Dr Daniel Dunkelmann

Dr Daniel Dunkelmann is Nevile Research Fellow at Magdalene.

As a synthetic biologist, Daniel focuses on equipping biological systems with chemical tools to unlock the power of cells as factories with highly tuned molecular machines, which precisely assemble artificial materials.

In his PhD with Prof. Jason Chin at the MRC Laboratory of Molecular Biology, he has discovered and engineered molecular machines and developed methodologies, which enable the facile incorporation of multiple artificial building blocks into proteins. As a Junior Research Fellow at Magdalene College, he will focus on fundamentally changing the nature of the building blocks that the cellular protein production machinery can assemble. 

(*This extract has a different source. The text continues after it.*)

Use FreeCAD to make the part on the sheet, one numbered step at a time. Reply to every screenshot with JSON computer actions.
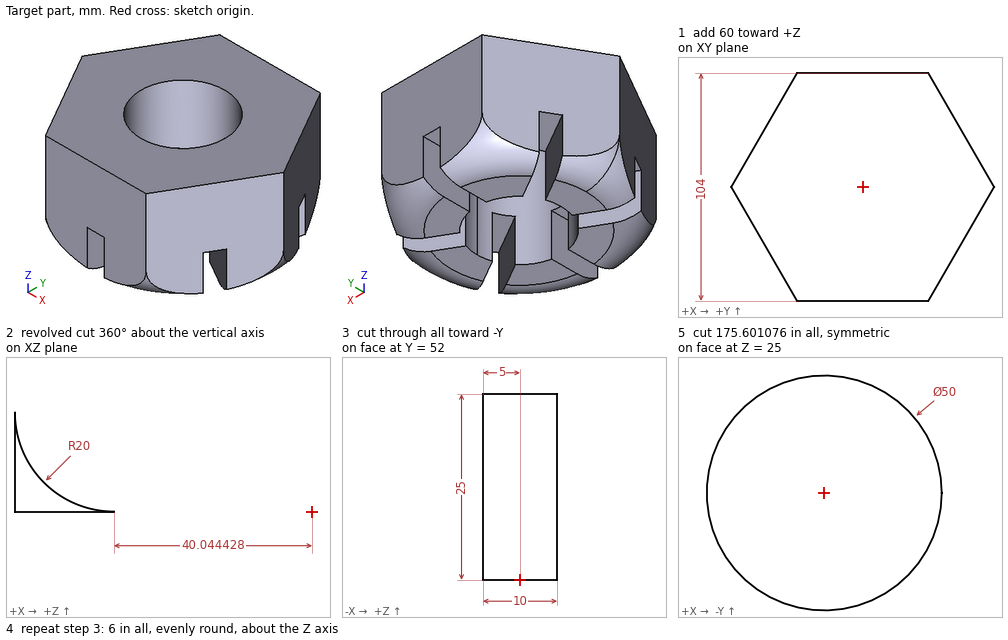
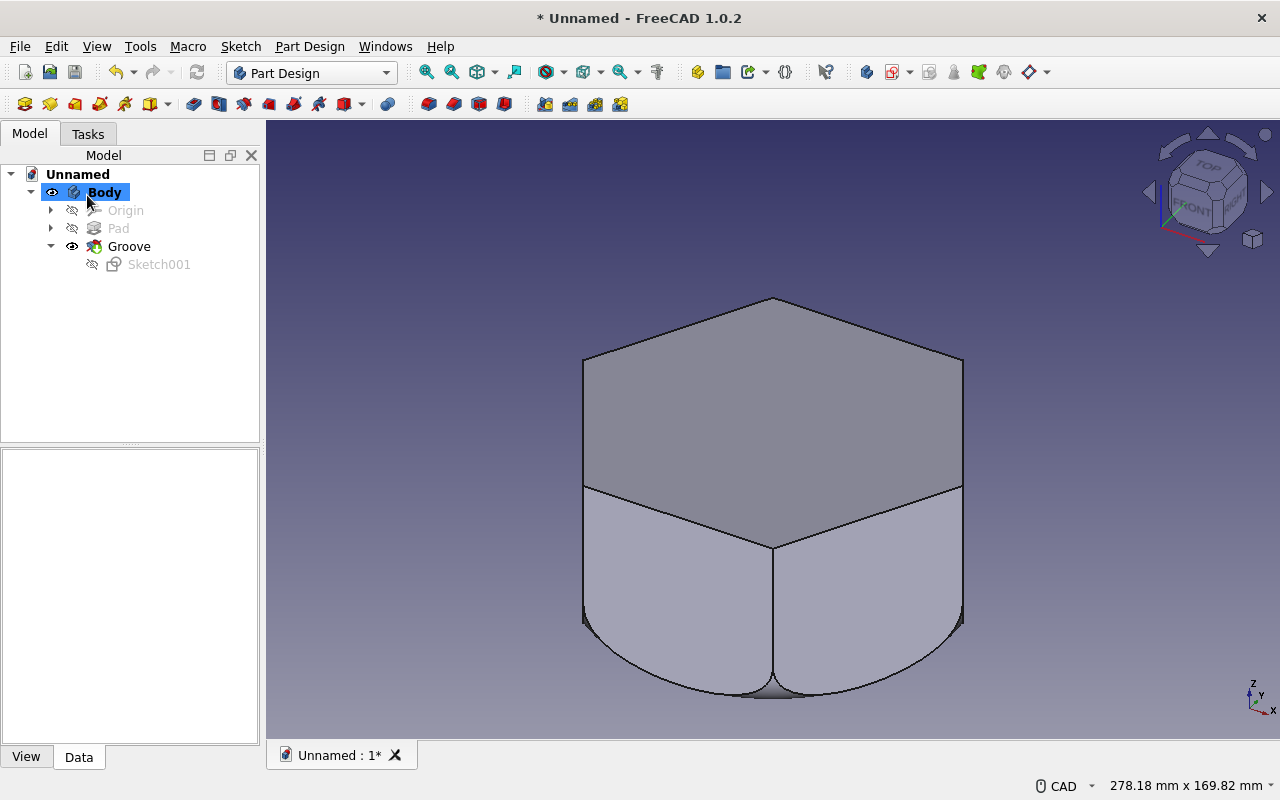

Daniel studied interdisciplinary sciences at the Federal Institute of Technology (ETH) in Zurich, where he graduated with a Bsc and Msc degree. As an Erasmus fellow he conducted research for his bachelor thesis in organic chemistry with Prof. Alan Spivey at Imperial College London. He then moved to Boston as a visiting researcher at the Massachusetts Institute of Technology (MIT), developing a peptide ligation method with Prof. Bradley Pentelute. He got introduced to the field of genetic code expansion during his master thesis in the laboratory of Prof. Don Hilvert at ETH. Before starting his PhD in synthetic biology he joined the laboratory of Prof. Hiroaki Suga at the University of Tokyo as an ETH worldwide fellow.

Research Interests

Synthetic Biology, Chemical Biology, Genetic Code Expansion, Molecular Biology, Biochemistry, Genome Engineering.

Qualifications

PhD in Biological Sciences, MRC Laboratory of Molecular Biology, University of Cambridge, UK.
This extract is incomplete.